Con ricorso notificato il 1 aprile 1965 al Presidente della Regione
siciliana il Commissario dello Stato presso la Regione stessa ha
impugnato la legge approvata dalla Assemblea regionale siciliana nella
seduta del 24 marzo 1965, recante: “Sgravi fiscali per le nuove
costruzioni in Sicilia”, ed ha chiesto che ne sia dichiarata la
illegittimità costituzionale.
Il ricorrente espone che tale provvedimento statuisce che le
agevolazioni tributarie sui materiali impiegati nelle nuove costruzioni
edilizie, concesse dalla legge 18 ottobre 1954, n. 37, si applicano
alle costruzioni ultimate entro il 31 dicembre 1966, con una riduzione
del 95 per cento dell’aliquota dell’imposta per l’anno 1965 e del 90
per cento per l’anno 1966.
La citata legge regionale del 1954 concedeva l’esenzione fiscale
fino a tutto il 31 dicembre 1957 per la costruzione di edifici
destinati ad abitazioni civili non aventi carattere di lusso oppure
destinati ad albergo, anche se comprendenti ambienti a piano terreno da
adibire a negozio o ad altro uso, e per l’ampliamento e la
sopraelevazione di edifici destinati agli stessi scopi. Il termine
suddetto era poi stato ulteriormente prorogato con leggi successive: n.

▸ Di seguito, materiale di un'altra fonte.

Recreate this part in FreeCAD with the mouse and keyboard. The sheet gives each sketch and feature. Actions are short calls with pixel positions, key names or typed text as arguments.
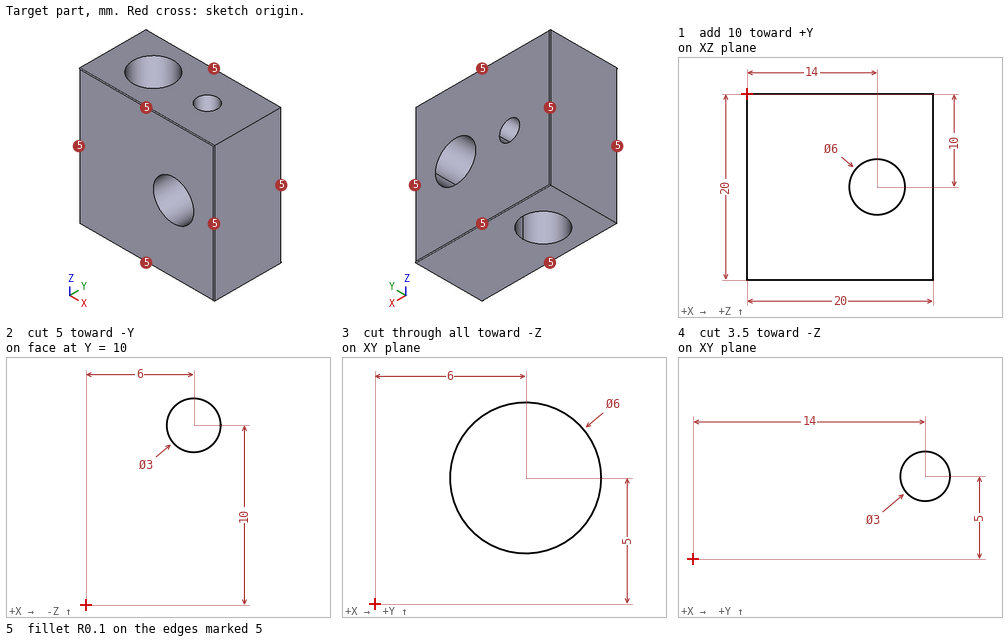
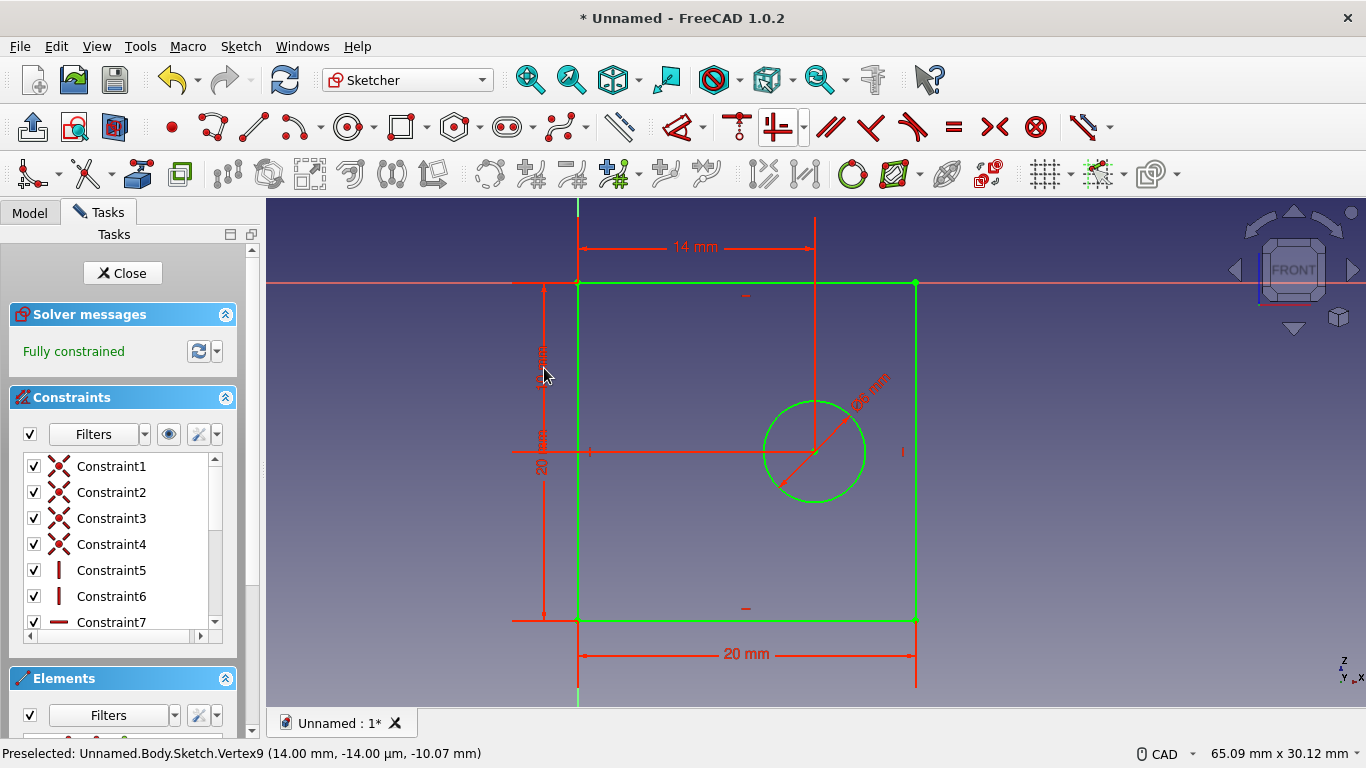
click(123, 273)

46 del 29 luglio 1957, n. 29 del 12 novembre 1959 e n. 22 del 27
novembre 1961, giungendo fino alla data del 31 dicembre 1965; ma
quest’ultima legge, impugnata in via incidentale davanti alla Corte
costituzionale, era stata da questa dichiarata illegittima, con la
sentenza n. 2 del 22-26 gennaio 1965, in relazione agli artt. 36, 17 e
15 dello Statuto della Regione.
A parere del ricorrente, anche la legge ora denunciata si discosta
dai criteri seguiti dal legislatore nazionale, che, nell’evidente
intento di salvaguardare le entrate dei Comuni, ha provveduto
gradualmente al ripristino dell’imposta, limitandone la riduzione alla
misura del 20 per cento.
Pertanto la legge regionale è da ritenere viziata di
incostituzionalità per violazione degli artt. 15 e 36 dello Statuto
siciliano.
Il ricorso era depositato nella cancelleria della Corte in data 10
aprile, e poi pubblicato nel n. 98 del 17 aprile 1965 della Gazzetta
Ufficiale della Repubblica e nel n. 18 del 30 aprile detto nella
Gazzetta della Regione.
Il Presidente della Regione si è costituito in giudizio
presentando un controricorso, pervenuto alla cancelleria il 29 aprile,
nel quale si conclude perché la Corte costituzionale voglia dichiarare
“cessata la materia del contendere” e subordinatamente “respingere (il
ricorso) perché inammissibile per acquiescenza” o quanto meno “perché
infondato”, dichiarando costituzionalmente legittima la legge
denunciata.
A sostegno di tali conclusioni si osserva anzitutto che la norma
della legge regionale aveva trovato applicazione per ben quattro anni
consecutivi, senza che il Commissario dello Stato avesse sollevato
alcuna censura di incostituzionalità, tanto che la ricordata decisione
della Corte era stata emessa in sede di giudizio incidentale, in
seguito ad una ordinanza del Tribunale di Patti.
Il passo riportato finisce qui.